Excerpts from a dataset

###

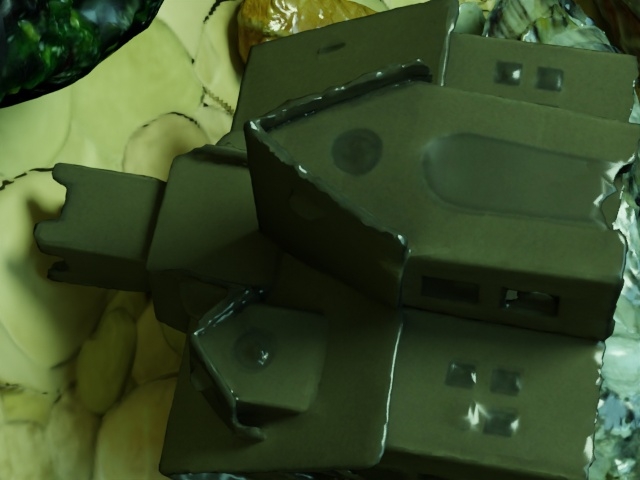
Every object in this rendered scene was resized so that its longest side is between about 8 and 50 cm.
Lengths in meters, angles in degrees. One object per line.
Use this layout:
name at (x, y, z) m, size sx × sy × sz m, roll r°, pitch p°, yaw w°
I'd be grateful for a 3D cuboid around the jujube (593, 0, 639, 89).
jujube at (0.278, -0.197, 1.137) m, size 0.308 × 0.215 × 0.246 m, roll 63°, pitch 32°, yaw -20°

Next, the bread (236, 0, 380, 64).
bread at (0.014, -0.101, 0.922) m, size 0.157 × 0.044 × 0.052 m, roll 11°, pitch 84°, yaw -51°

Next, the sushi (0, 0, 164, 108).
sushi at (-0.140, -0.110, 0.649) m, size 0.225 × 0.124 × 0.127 m, roll -36°, pitch 112°, yaw -56°

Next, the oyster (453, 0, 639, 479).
oyster at (0.147, 0.019, 1.016) m, size 0.162 × 0.158 × 0.351 m, roll -3°, pitch 71°, yaw -28°

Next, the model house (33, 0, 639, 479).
model house at (0.000, 0.000, 0.724) m, size 0.204 × 0.243 × 0.211 m, roll 87°, pitch 13°, yaw -65°
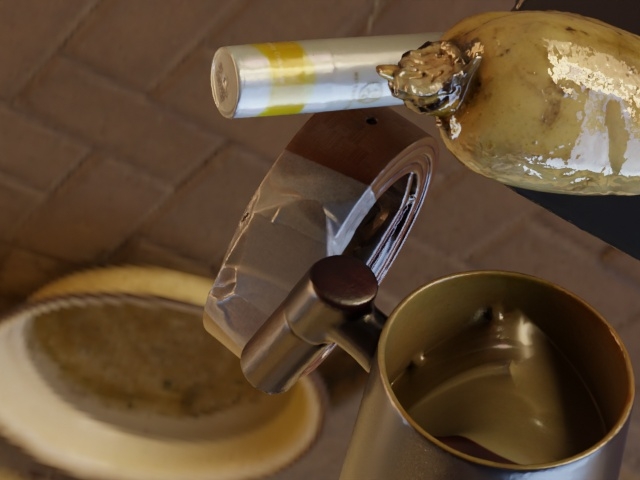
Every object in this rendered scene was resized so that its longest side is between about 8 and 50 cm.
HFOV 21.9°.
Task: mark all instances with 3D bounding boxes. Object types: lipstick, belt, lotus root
[{"bbox_3d":[0.044,-0.135,1.319,0.264,0.059,0.059,-7,145,-26],"label":"lipstick"},{"bbox_3d":[0.000,0.000,1.438,0.105,0.184,0.261,37,102,18],"label":"belt"},{"bbox_3d":[0.088,-0.054,0.621,0.152,0.072,0.063,7,154,-23],"label":"lotus root"}]

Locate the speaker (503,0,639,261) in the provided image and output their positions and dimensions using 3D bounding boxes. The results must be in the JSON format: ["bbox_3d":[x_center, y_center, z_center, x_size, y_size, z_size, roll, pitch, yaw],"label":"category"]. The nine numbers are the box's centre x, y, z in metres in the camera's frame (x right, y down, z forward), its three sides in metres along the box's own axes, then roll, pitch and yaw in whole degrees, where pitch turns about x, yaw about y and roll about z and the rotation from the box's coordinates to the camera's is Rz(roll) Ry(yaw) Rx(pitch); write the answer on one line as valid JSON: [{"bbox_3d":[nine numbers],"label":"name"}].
[{"bbox_3d":[0.267,-0.144,1.203,0.184,0.254,0.232,28,129,-16],"label":"speaker"}]

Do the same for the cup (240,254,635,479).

###

● **EXERCISE OBJECTIVE**: Your copy must start at the line that holds "Lengths in meters, angles" and end at the last line of the data, both included; it must contain no pictures.

● **RESULT FOR THIS TASK**:
Lengths in meters, angles in degrees. One object per line.
Use this layout:
name at (x, y, z) m, size sx × sy × sz m, roll r°, pitch p°, yaw w°
I'd be grateful for a 3D cuboid around the jujube (593, 0, 639, 89).
jujube at (0.278, -0.197, 1.137) m, size 0.308 × 0.215 × 0.246 m, roll 63°, pitch 32°, yaw -20°

Next, the bread (236, 0, 380, 64).
bread at (0.014, -0.101, 0.922) m, size 0.157 × 0.044 × 0.052 m, roll 11°, pitch 84°, yaw -51°

Next, the sushi (0, 0, 164, 108).
sushi at (-0.140, -0.110, 0.649) m, size 0.225 × 0.124 × 0.127 m, roll -36°, pitch 112°, yaw -56°

Next, the oyster (453, 0, 639, 479).
oyster at (0.147, 0.019, 1.016) m, size 0.162 × 0.158 × 0.351 m, roll -3°, pitch 71°, yaw -28°

Next, the model house (33, 0, 639, 479).
model house at (0.000, 0.000, 0.724) m, size 0.204 × 0.243 × 0.211 m, roll 87°, pitch 13°, yaw -65°
Every object in this rendered scene was resized so that its longest side is between about 8 and 50 cm.
HFOV 21.9°.
Task: mark all instances with 3D bounding boxes. Object types: lipstick, belt, lotus root
[{"bbox_3d":[0.044,-0.135,1.319,0.264,0.059,0.059,-7,145,-26],"label":"lipstick"},{"bbox_3d":[0.000,0.000,1.438,0.105,0.184,0.261,37,102,18],"label":"belt"},{"bbox_3d":[0.088,-0.054,0.621,0.152,0.072,0.063,7,154,-23],"label":"lotus root"}]

Locate the speaker (503,0,639,261) in the provided image and output their positions and dimensions using 3D bounding boxes. The results must be in the JSON format: ["bbox_3d":[x_center, y_center, z_center, x_size, y_size, z_size, roll, pitch, yaw],"label":"category"]. The nine numbers are the box's centre x, y, z in metres in the camera's frame (x right, y down, z forward), its three sides in metres along the box's own axes, then roll, pitch and yaw in whole degrees, where pitch turns about x, yaw about y and roll about z and the rotation from the box's coordinates to the camera's is Rz(roll) Ry(yaw) Rx(pitch); write the answer on one line as valid JSON: [{"bbox_3d":[nine numbers],"label":"name"}].
[{"bbox_3d":[0.267,-0.144,1.203,0.184,0.254,0.232,28,129,-16],"label":"speaker"}]

Do the same for the cup (240,254,635,479).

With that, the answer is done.